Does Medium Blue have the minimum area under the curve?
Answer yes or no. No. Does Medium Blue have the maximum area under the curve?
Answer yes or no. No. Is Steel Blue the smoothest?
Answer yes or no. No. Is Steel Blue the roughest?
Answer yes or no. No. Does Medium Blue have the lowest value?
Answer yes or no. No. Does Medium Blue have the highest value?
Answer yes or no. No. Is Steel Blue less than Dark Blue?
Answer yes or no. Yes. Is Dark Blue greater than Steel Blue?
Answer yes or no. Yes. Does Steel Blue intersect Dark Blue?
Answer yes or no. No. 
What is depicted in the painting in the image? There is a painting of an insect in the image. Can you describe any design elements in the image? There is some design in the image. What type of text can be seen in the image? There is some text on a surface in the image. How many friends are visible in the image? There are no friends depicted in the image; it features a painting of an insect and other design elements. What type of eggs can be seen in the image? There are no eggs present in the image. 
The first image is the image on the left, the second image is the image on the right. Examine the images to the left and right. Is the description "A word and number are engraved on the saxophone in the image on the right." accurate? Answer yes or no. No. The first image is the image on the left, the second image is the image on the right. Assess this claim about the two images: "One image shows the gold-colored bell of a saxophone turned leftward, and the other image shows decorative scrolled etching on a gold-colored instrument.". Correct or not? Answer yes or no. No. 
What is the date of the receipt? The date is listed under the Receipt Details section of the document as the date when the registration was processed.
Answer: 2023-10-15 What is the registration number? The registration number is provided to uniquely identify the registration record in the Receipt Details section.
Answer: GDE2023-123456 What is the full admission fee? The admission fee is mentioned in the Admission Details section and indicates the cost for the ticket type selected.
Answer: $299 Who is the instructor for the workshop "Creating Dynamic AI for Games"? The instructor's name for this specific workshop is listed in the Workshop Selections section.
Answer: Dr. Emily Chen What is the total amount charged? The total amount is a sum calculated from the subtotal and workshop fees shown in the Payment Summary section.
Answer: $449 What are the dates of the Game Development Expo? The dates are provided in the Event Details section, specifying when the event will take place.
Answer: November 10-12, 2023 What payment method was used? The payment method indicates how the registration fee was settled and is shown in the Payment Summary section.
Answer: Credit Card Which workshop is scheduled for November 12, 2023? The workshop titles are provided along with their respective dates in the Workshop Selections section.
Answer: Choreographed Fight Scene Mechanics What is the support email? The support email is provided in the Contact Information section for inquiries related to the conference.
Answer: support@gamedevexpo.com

::::

__TO DO__: Word for word, restate the entries that appear above.

__WRITTEN RESPONSE__:
Does Medium Blue have the minimum area under the curve?
Answer yes or no. No. Does Medium Blue have the maximum area under the curve?
Answer yes or no. No. Is Steel Blue the smoothest?
Answer yes or no. No. Is Steel Blue the roughest?
Answer yes or no. No. Does Medium Blue have the lowest value?
Answer yes or no. No. Does Medium Blue have the highest value?
Answer yes or no. No. Is Steel Blue less than Dark Blue?
Answer yes or no. Yes. Is Dark Blue greater than Steel Blue?
Answer yes or no. Yes. Does Steel Blue intersect Dark Blue?
Answer yes or no. No. 
What is depicted in the painting in the image? There is a painting of an insect in the image. Can you describe any design elements in the image? There is some design in the image. What type of text can be seen in the image? There is some text on a surface in the image. How many friends are visible in the image? There are no friends depicted in the image; it features a painting of an insect and other design elements. What type of eggs can be seen in the image? There are no eggs present in the image. 
The first image is the image on the left, the second image is the image on the right. Examine the images to the left and right. Is the description "A word and number are engraved on the saxophone in the image on the right." accurate? Answer yes or no. No. The first image is the image on the left, the second image is the image on the right. Assess this claim about the two images: "One image shows the gold-colored bell of a saxophone turned leftward, and the other image shows decorative scrolled etching on a gold-colored instrument.". Correct or not? Answer yes or no. No. 
What is the date of the receipt? The date is listed under the Receipt Details section of the document as the date when the registration was processed.
Answer: 2023-10-15 What is the registration number? The registration number is provided to uniquely identify the registration record in the Receipt Details section.
Answer: GDE2023-123456 What is the full admission fee? The admission fee is mentioned in the Admission Details section and indicates the cost for the ticket type selected.
Answer: $299 Who is the instructor for the workshop "Creating Dynamic AI for Games"? The instructor's name for this specific workshop is listed in the Workshop Selections section.
Answer: Dr. Emily Chen What is the total amount charged? The total amount is a sum calculated from the subtotal and workshop fees shown in the Payment Summary section.
Answer: $449 What are the dates of the Game Development Expo? The dates are provided in the Event Details section, specifying when the event will take place.
Answer: November 10-12, 2023 What payment method was used? The payment method indicates how the registration fee was settled and is shown in the Payment Summary section.
Answer: Credit Card Which workshop is scheduled for November 12, 2023? The workshop titles are provided along with their respective dates in the Workshop Selections section.
Answer: Choreographed Fight Scene Mechanics What is the support email? The support email is provided in the Contact Information section for inquiries related to the conference.
Answer: support@gamedevexpo.com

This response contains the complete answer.